*** Information provided Section Begins ***

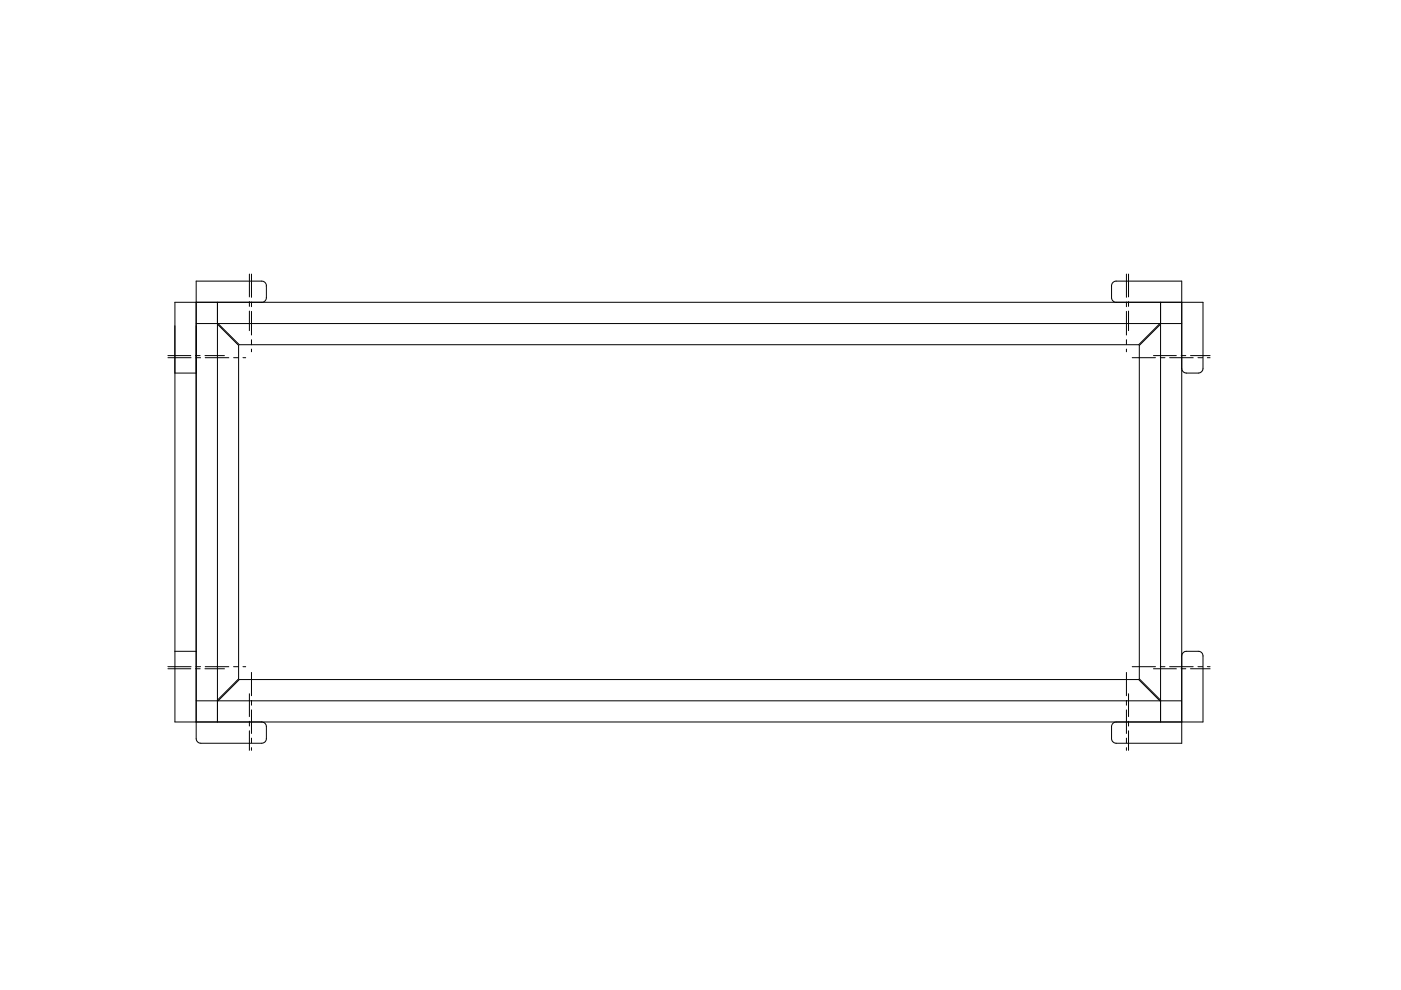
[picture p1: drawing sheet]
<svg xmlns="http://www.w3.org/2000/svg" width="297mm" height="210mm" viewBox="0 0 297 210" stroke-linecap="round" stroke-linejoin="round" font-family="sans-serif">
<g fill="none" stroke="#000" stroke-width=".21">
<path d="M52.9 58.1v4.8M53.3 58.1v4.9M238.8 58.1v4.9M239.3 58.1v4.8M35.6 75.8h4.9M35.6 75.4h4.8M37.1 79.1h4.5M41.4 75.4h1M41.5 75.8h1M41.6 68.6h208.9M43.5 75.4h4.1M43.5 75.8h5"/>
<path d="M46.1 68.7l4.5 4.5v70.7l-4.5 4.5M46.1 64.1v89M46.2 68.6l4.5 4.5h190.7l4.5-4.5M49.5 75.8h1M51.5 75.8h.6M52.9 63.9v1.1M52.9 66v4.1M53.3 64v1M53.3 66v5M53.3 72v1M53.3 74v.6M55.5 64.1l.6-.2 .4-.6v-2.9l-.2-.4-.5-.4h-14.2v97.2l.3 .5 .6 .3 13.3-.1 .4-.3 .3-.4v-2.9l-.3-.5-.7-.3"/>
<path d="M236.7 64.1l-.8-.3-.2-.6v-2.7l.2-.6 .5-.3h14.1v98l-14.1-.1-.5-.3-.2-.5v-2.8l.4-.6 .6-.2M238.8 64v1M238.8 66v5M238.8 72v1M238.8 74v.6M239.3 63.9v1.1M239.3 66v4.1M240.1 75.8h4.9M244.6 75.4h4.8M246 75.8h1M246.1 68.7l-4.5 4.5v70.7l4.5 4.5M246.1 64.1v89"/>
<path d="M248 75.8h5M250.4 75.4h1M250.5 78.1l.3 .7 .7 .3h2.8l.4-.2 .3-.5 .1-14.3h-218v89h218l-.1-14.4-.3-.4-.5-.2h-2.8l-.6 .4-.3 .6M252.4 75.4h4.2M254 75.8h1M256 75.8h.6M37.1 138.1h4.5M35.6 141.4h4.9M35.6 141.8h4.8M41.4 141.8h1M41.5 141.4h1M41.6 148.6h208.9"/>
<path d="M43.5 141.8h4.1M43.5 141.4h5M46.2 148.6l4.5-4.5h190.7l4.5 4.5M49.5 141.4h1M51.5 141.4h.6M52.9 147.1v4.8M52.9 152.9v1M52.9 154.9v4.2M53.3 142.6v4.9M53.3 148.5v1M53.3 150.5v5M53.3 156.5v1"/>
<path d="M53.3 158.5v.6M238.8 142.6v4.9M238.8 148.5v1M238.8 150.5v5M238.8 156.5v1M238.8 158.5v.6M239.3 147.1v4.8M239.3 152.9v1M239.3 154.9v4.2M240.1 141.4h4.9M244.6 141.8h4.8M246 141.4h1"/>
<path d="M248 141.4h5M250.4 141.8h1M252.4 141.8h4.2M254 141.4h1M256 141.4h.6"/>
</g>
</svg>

*** Information provided Section Ends ***

Only the pictures may be dropped; print every record exactly as given.

## Written response
[picture p1: drawing sheet]
<svg xmlns="http://www.w3.org/2000/svg" width="297mm" height="210mm" viewBox="0 0 297 210" stroke-linecap="round" stroke-linejoin="round" font-family="sans-serif">
<g fill="none" stroke="#000" stroke-width=".21">
<path d="M52.9 58.1v4.8M53.3 58.1v4.9M238.8 58.1v4.9M239.3 58.1v4.8M35.6 75.8h4.9M35.6 75.4h4.8M37.1 79.1h4.5M41.4 75.4h1M41.5 75.8h1M41.6 68.6h208.9M43.5 75.4h4.1M43.5 75.8h5"/>
<path d="M46.1 68.7l4.5 4.5v70.7l-4.5 4.5M46.1 64.1v89M46.2 68.6l4.5 4.5h190.7l4.5-4.5M49.5 75.8h1M51.5 75.8h.6M52.9 63.9v1.1M52.9 66v4.1M53.3 64v1M53.3 66v5M53.3 72v1M53.3 74v.6M55.5 64.1l.6-.2 .4-.6v-2.9l-.2-.4-.5-.4h-14.2v97.2l.3 .5 .6 .3 13.3-.1 .4-.3 .3-.4v-2.9l-.3-.5-.7-.3"/>
<path d="M236.7 64.1l-.8-.3-.2-.6v-2.7l.2-.6 .5-.3h14.1v98l-14.1-.1-.5-.3-.2-.5v-2.8l.4-.6 .6-.2M238.8 64v1M238.8 66v5M238.8 72v1M238.8 74v.6M239.3 63.9v1.1M239.3 66v4.1M240.1 75.8h4.9M244.6 75.4h4.8M246 75.8h1M246.1 68.7l-4.5 4.5v70.7l4.5 4.5M246.1 64.1v89"/>
<path d="M248 75.8h5M250.4 75.4h1M250.5 78.1l.3 .7 .7 .3h2.8l.4-.2 .3-.5 .1-14.3h-218v89h218l-.1-14.4-.3-.4-.5-.2h-2.8l-.6 .4-.3 .6M252.4 75.4h4.2M254 75.8h1M256 75.8h.6M37.1 138.1h4.5M35.6 141.4h4.9M35.6 141.8h4.8M41.4 141.8h1M41.5 141.4h1M41.6 148.6h208.9"/>
<path d="M43.5 141.8h4.1M43.5 141.4h5M46.2 148.6l4.5-4.5h190.7l4.5 4.5M49.5 141.4h1M51.5 141.4h.6M52.9 147.1v4.8M52.9 152.9v1M52.9 154.9v4.2M53.3 142.6v4.9M53.3 148.5v1M53.3 150.5v5M53.3 156.5v1"/>
<path d="M53.3 158.5v.6M238.8 142.6v4.9M238.8 148.5v1M238.8 150.5v5M238.8 156.5v1M238.8 158.5v.6M239.3 147.1v4.8M239.3 152.9v1M239.3 154.9v4.2M240.1 141.4h4.9M244.6 141.8h4.8M246 141.4h1"/>
<path d="M248 141.4h5M250.4 141.8h1M252.4 141.8h4.2M254 141.4h1M256 141.4h.6"/>
</g>
</svg>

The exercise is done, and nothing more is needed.